DuckDB: The Unsung Hero of 2024
In the world of analytical databases, DuckDB emerged as an unexpected favorite. Known for its portability and ease of use, DuckDB has become the go-to choice for running OLAP (Online Analytical Processing) queries on a smaller scale. Its integration into popular systems, particularly PostgreSQL, proved a game-changer. Four new DuckDB extensions were released in 2024 to make it easier to integrate with PostgreSQL, enhancing support for geospatial data and advanced analytics.
The rise of DuckDB is a testament to how database systems are evolving to meet modern requirements. By offering a streamlined, efficient way to perform high-performance analytics without needing a full-fledged data warehouse, DuckDB has filled an important gap in the analytics market. This shift could disrupt existing database systems, including the likes of ClickHouse and Redshift, which had previously been the go-to choices for analytical workloads.
My Take: Looking Ahead
Looking ahead, it’s clear that the database industry is at a crossroads. The rise of alternative databases like DuckDB, the increasing consolidation of key players, and the constant back-and-forth over licensing models all point to a future where innovation and competition will continue to shape the market. For now, database professionals and organizations must stay agile, as the landscape is bound to keep shifting in unexpected ways.

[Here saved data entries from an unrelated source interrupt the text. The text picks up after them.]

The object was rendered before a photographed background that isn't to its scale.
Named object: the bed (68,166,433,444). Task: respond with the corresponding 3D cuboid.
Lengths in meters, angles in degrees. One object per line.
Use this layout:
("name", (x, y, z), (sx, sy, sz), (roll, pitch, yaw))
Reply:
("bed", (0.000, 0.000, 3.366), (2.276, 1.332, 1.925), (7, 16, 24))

The integration of artificial intelligence and machine learning into database management systems is another trend to watch. Databricks and Snowflake’s ongoing investments in AI and large language models (LLMs) show just how much the database industry is overlapping with AI-driven technologies. AI’s potential to automate database optimization, enhance query performance, and even assist with data governance will only become more pronounced in the years to come. With these advancements, databases may become “self-managing” in ways we’ve only begun to imagine, lowering the burden on database administrators and developers while improving efficiency and performance.

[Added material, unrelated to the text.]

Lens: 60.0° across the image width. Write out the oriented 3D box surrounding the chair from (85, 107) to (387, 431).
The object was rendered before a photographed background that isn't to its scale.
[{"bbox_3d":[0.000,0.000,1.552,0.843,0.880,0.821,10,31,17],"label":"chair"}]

The role of vector databases and their use in AI-driven applications—especially in natural language processing (NLP) and recommendation systems—will also grow. DuckDB, which has proven itself in the analytical space, could pivot toward becoming an even more crucial part of AI/ML workflows, particularly as its integrations with other systems like PostgreSQL continue to evolve. If we see more innovations in this space, expect an increased focus on hybrid models that bridge OLAP and AI/ML capabilities, further blurring the lines between traditional analytics and the AI tools that are becoming essential in every industry.
We may also see transactional/analytical hybrid databases become the norm. Companies are increasingly demanding systems that can handle both OLTP and OLAP workloads without requiring separate infrastructures, leading to new solutions built from the ground up to serve dual purposes. Projects like Iceberg and Hudi, which began as open-source projects for managing large-scale data lakes, could evolve into mainstream tools that bring transactional capabilities to analytic workflows. Expect more investments in these hybrid systems, as organizations aim to reduce complexity and increase performance in data-heavy applications.